US9799270B2ActiveUtilityPatentIndex 73
Pixel circuit, display panel and display device
Est. expiryJan 5, 2036(~9.5 yrs left)· nominal 20-yr term from priority
G09G 3/3233G09G 2310/08G09G 3/3258G09G 2300/0426G09G 2300/0842G09G 2300/0861G09G 2300/0465G09G 2300/0804G09G 2300/0819G09G 3/3275
73
PatentIndex Score
4
Cited by
27
References
14
Claims
Abstract
Disclosed is a pixel circuit which includes a multiplexing module and a plurality of sub-pixels. Signals for detecting parameters of respective sub-pixels are transferred via a sensing line in a time-divisional manner. For each sub-pixel, connection to the data line and the sensing line is achieved via a common terminal.

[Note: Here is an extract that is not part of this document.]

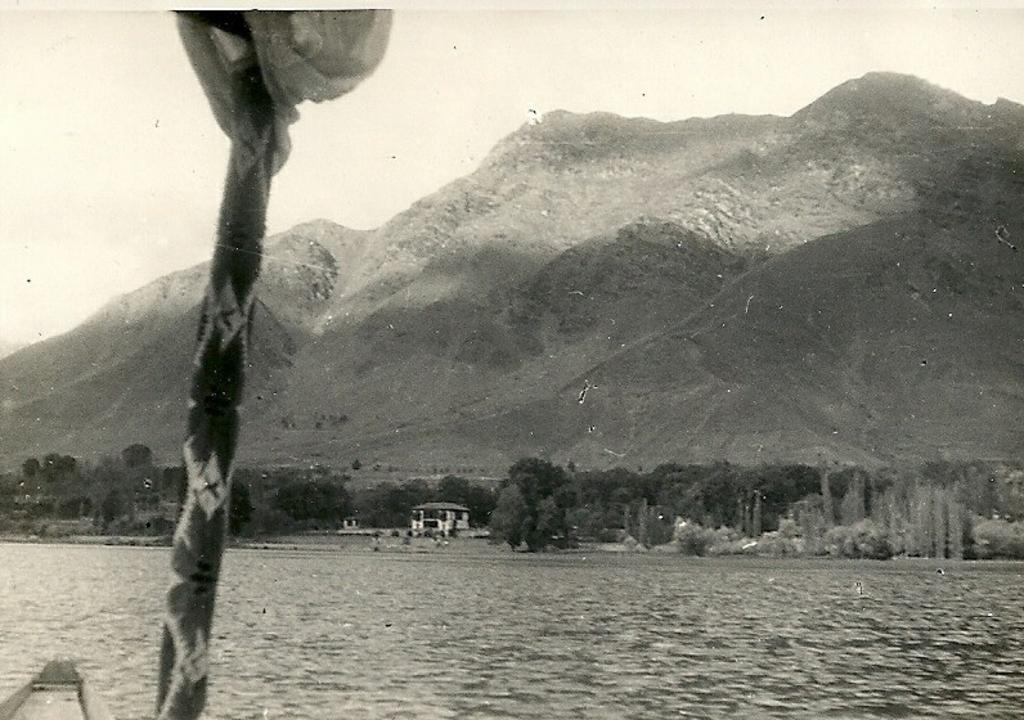What is the main subject of the image? The main subject of the image is a boat. Where is the boat located? The boat is on the water. What can be seen in the image besides the boat? There is an object that looks like a stick, trees, a building, mountains, and the sky visible in the image. What type of wool is being used to make the trousers in the image? There are no trousers or wool present in the image; it features a boat on the water with other background elements. How is the ice being used in the image? There is no ice present in the image; it features a boat on the water with other background elements.

Further disclosed are a display panel and a display device.
Claims
exact text as granted — not AI-modifiedWhat is claimed is:
1. A pixel circuit, comprising:
a multiplexing module having a data terminal connected to a data line, a sensing terminal connected to a sensing line, a data control terminal for receiving a data control signal, a sensing control terminal for receiving a sensing control signal, a plurality of pixel control terminals for receiving respective pixel control signals, and a plurality of common terminals; and
a plurality of sub-pixels comprising respective light-emitting devices and respective driving modules for driving the light-emitting devices, each of the light-emitting devices having an input terminal, each of the driving modules being connected to a corresponding one of the common terminals and the input terminal of a corresponding one of the light-emitting devices and having a first scanning terminal connected to a first scanning line and a second scanning terminal connected to a second scanning line;
wherein the plurality of pixel control terminals correspond one-to-one with the plurality of sub-pixels, and the plurality of common terminals correspond one-to-one with the plurality of sub-pixels;
wherein, in a detection mode for each sub-pixel, the multiplexing module is configured to, in response to the data control signal, the sensing control signal, and the pixel control signal received by one of the plurality of pixel control terminals that corresponds to the sub-pixel, successively transfer a detection reset voltage from the sensing line and a detection voltage from the data line to one of the plurality of common terminals that corresponds to the sub-pixel, and the driving module of the sub-pixel is configured to, in response to the first scanning signal from the first scanning line and the second scanning signal from the second scanning line, reset a voltage at the input terminal of the light-emitting device of the sub-pixel based on the detection reset voltage, cause a change in the voltage at the input terminal of the light-emitting device of the sub-pixel based on the detection voltage, and further transfer the changed voltage to the common terminal corresponding to the sub-pixel for output through the sensing line; and
wherein, in a light-emitting mode for each sub-pixel, the multiplexing module is configured to, in response to the data control signal, the sensing control signal, and the pixel control signal received by one of the plurality of pixel control terminals that corresponds to the sub-pixel, successively transfer a light-emitting reset voltage from the sensing line and a data voltage from the data line to one of the plurality of common terminals that corresponds to the sub-pixel, and the driving module of the sub-pixel is configured to, in response to the first scanning signal from the first scanning line and the second scanning signal from the second scanning line, reset a voltage at the input terminal of the light-emitting device of the sub-pixel based on the light-emitting reset voltage, and drive the light-emitting device of the sub-pixel to emit light based on the data voltage.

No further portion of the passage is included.